Por ello, sostiene la escritora, la incorporación de la voz y la experiencia de las mujeres a nuestras narrativas no es meramente una cuestión temática, sino que «requiere la revisión radical de las narrativas patriarcales tanto legales y sociales como literarias» (2023). Escribir, entonces, no es lujo: es una urgencia política pues, como puede leerse en El invencible verano de Liliana, «uno nunca estás más inerme que cuando no tiene lenguaje» (2024: 42).
La consigna estipulada por Celia Amorós «conceptualizar es politizar» (2008) enmarca, precisamente, al feminismo como necesaria praxis.
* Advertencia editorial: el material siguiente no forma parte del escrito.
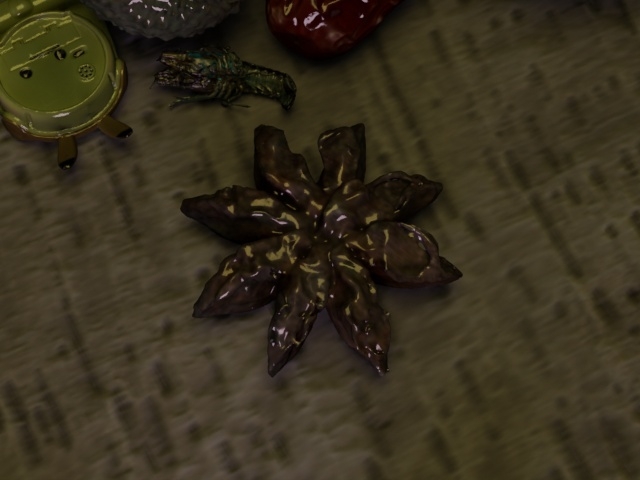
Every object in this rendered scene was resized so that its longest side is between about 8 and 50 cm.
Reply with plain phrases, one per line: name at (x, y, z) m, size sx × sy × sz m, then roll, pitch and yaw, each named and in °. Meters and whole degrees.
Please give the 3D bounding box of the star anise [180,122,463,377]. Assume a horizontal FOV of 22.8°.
star anise at (-0.002, -0.002, 1.785) m, size 0.331 × 0.118 × 0.332 m, roll 2°, pitch 65°, yaw -4°

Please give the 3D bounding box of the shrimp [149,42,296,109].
shrimp at (-0.114, -0.189, 1.899) m, size 0.174 × 0.076 × 0.082 m, roll 11°, pitch 109°, yaw -1°

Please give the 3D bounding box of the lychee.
lychee at (-0.187, -0.365, 1.852) m, size 0.255 × 0.255 × 0.274 m, roll -17°, pitch 33°, yaw -7°

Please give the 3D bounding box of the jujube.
jujube at (0.035, -0.321, 1.899) m, size 0.155 × 0.155 × 0.230 m, roll 34°, pitch 78°, yaw 12°

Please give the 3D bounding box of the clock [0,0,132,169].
clock at (-0.309, -0.190, 1.882) m, size 0.170 × 0.069 × 0.232 m, roll -28°, pitch 71°, yaw -11°
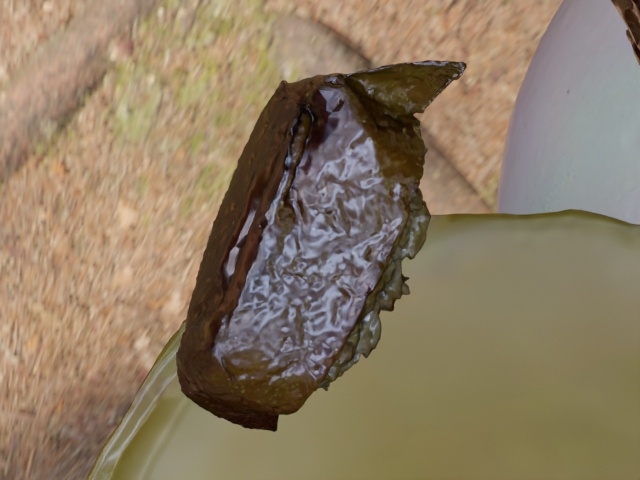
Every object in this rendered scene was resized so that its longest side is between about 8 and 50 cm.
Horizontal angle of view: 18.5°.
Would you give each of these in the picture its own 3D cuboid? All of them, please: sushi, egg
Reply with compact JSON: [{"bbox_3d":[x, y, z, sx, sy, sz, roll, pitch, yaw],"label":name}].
[{"bbox_3d":[0.000,0.000,0.563,0.055,0.052,0.120,20,89,-17],"label":"sushi"},{"bbox_3d":[0.266,-0.036,1.277,0.340,0.354,0.354,-39,88,9],"label":"egg"}]

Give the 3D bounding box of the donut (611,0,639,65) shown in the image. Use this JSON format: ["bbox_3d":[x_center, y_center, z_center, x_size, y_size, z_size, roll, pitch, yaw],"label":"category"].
[{"bbox_3d":[0.130,-0.083,0.477,0.144,0.186,0.126,38,80,-17],"label":"donut"}]

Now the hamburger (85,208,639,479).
[{"bbox_3d":[0.093,0.189,0.834,0.395,0.277,0.396,-2,71,6],"label":"hamburger"}]
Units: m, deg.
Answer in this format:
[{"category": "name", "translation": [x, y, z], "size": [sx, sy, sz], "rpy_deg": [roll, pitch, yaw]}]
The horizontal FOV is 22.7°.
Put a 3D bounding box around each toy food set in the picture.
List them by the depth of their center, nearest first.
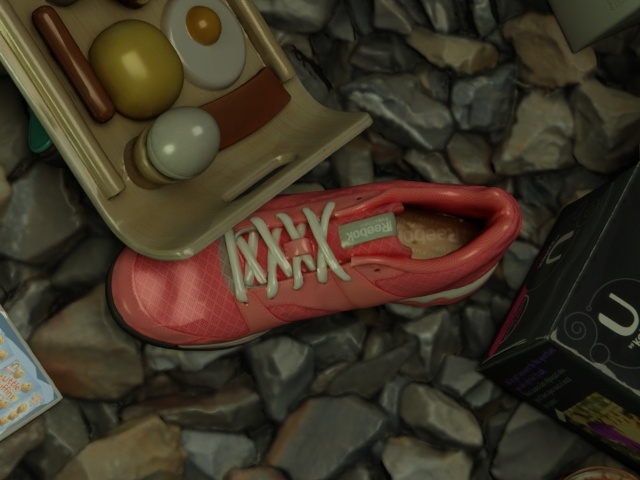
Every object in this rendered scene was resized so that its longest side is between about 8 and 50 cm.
[{"category": "toy food set", "translation": [-0.112, -0.163, 1.128], "size": [0.220, 0.092, 0.306], "rpy_deg": [-39, 102, -38]}]

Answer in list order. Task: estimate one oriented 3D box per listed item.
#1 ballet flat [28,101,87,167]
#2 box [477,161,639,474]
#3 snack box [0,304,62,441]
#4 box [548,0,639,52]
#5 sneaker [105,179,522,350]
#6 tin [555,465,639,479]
[{"category": "ballet flat", "translation": [-0.176, -0.146, 1.180], "size": [0.074, 0.074, 0.203], "rpy_deg": [4, 71, -15]}, {"category": "box", "translation": [0.286, 0.092, 1.209], "size": [0.270, 0.143, 0.165], "rpy_deg": [34, 70, -7]}, {"category": "snack box", "translation": [-0.259, 0.057, 1.131], "size": [0.064, 0.022, 0.178], "rpy_deg": [-34, 88, -20]}, {"category": "box", "translation": [0.265, -0.233, 1.259], "size": [0.130, 0.170, 0.091], "rpy_deg": [-25, 87, -19]}, {"category": "sneaker", "translation": [0.000, -0.001, 1.155], "size": [0.314, 0.136, 0.116], "rpy_deg": [-10, 80, -17]}, {"category": "tin", "translation": [0.241, 0.255, 1.220], "size": [0.190, 0.040, 0.106], "rpy_deg": [44, 67, -3]}]

Para Amorós, conceptualizar consiste en «pasar de la anécdota a la categoría», es decir, dar nombre a las violencias sufridas, que no son casos aislados sino muestra de una estructura general. «Las narrativas feministas» —señala Rivera Garza— «han subrayado el carácter estructural y sistemático de esta violencia, dejando en claro que los asesinatos de mujeres […] son en realidad cuestiones estructurales de poder» (2023). Nombrar estas violencias es reconocerlas y disponerlas para su confrontación en la práctica política.
Y, para ello, «llamar a las cosas por su nombre requiere, a menudo de inventar nuevos nombres» (RIVERA GARZA, 2024: 52).
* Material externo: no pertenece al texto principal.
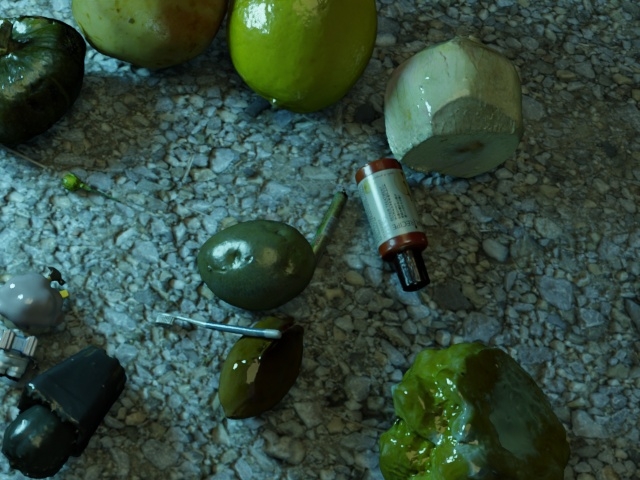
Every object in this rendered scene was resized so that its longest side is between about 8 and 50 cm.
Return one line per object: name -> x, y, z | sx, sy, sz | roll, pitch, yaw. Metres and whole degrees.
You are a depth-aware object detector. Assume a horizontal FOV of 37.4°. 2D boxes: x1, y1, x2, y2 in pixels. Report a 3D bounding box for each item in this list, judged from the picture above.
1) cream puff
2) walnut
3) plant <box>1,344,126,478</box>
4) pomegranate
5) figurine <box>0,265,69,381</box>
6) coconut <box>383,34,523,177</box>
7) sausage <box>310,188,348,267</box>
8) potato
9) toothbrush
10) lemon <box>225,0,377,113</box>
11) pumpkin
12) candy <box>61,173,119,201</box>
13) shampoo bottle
cream puff -> 0.257, 0.380, 1.745 | 0.378, 0.275, 0.378 | 24, 48, -28
walnut -> -0.110, 0.237, 1.794 | 0.137, 0.137, 0.245 | 29, 64, 3
plant -> -0.462, 0.304, 1.689 | 0.142, 0.164, 0.256 | 35, 51, 2
pomegranate -> -0.356, -0.525, 1.985 | 0.342, 0.342, 0.342 | 4, 67, -9
figurine -> -0.554, 0.147, 1.767 | 0.137, 0.112, 0.229 | 18, 75, -8
coconut -> 0.283, -0.290, 2.004 | 0.297, 0.297, 0.255 | -4, 67, -12
sausage -> 0.000, 0.000, 1.965 | 0.033, 0.033, 0.269 | 25, 65, 1
potato -> -0.127, 0.047, 1.862 | 0.235, 0.160, 0.178 | 10, 40, 10
toothbrush -> -0.198, 0.165, 1.797 | 0.275, 0.019, 0.025 | 6, 59, 25
lemon -> -0.040, -0.442, 1.988 | 0.348, 0.348, 0.348 | 4, 67, -9
pumpkin -> -0.624, -0.318, 1.876 | 0.325, 0.242, 0.232 | -8, 61, -9
candy -> -0.469, -0.103, 1.931 | 0.123, 0.035, 0.035 | 20, 75, -11
shampoo bottle -> 0.159, -0.028, 1.967 | 0.104, 0.104, 0.278 | -12, 70, -15
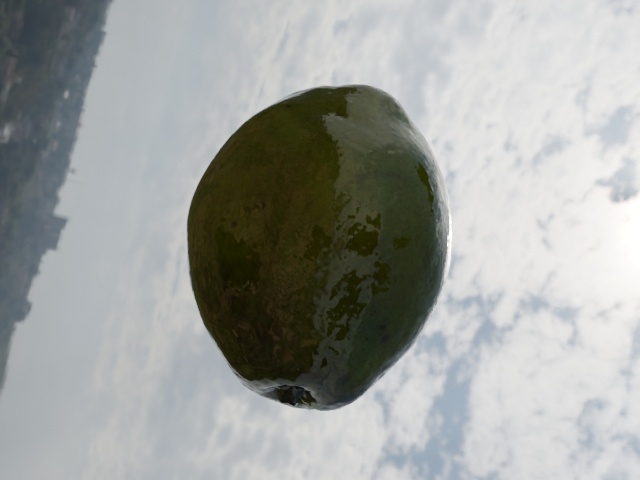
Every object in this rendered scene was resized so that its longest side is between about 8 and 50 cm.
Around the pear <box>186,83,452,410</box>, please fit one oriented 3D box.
[{"bbox_3d":[0.000,0.000,0.699,0.212,0.212,0.269,142,-36,-62],"label":"pear"}]
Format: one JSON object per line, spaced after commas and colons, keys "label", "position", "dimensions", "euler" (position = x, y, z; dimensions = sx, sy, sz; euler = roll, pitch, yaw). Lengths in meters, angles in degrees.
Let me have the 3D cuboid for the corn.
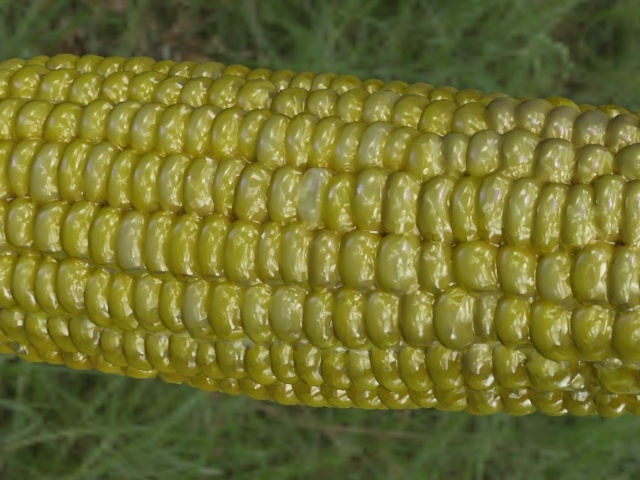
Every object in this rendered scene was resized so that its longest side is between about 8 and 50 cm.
{"label": "corn", "position": [0.000, 0.000, 0.492], "dimensions": [0.093, 0.244, 0.093], "euler": [7, 90, -70]}

El pensamiento feminista nos ha dado «un lenguaje capaz de identificar factores de riesgo y momentos de peligro (2024: 51) que permiten visibilizar las violencias, Porque, en 1990 — apunta la autora— «ni Liliana ni los que la quisimos, tuvimos a nuestra disposición un lenguaje que nos permitiera identificar las señales de peligro.
Esa ceguera, que nunca fue voluntaria sino social, ha contribuido al asesinato de cientos de miles de mujeres en México y en el mundo» (2024:196). No fue hasta el año 2012 que se incluyó en el código penal mexicano la palabra feminicidio. Antes, a «los feminicidios que se cometieron» —escribe Rivera Garza—, «se les llamó crímenes de pasión.
Se le llamó andaba en malos pasos. Se le llamó ¿para que se viste así? Se le llamó una mujer siempre tiene que darse su lugar. Se le llamó algo debió haber hecho para acabar de esta forma. Se le llamó sus padres la descuidaron. Se le llamó la chica que tomó una mala decisión. Se le llamó, incluso, se lo merecía» (2024: 34). Visibilizarlo nos muestra cómo «la falta de lenguaje es apabullante», pero también, cómo «la falta de lenguaje nos maniata, nos sofoca, nos estrangula, nos dispara, nos desuella, nos cercena, nos condena (2024: 34).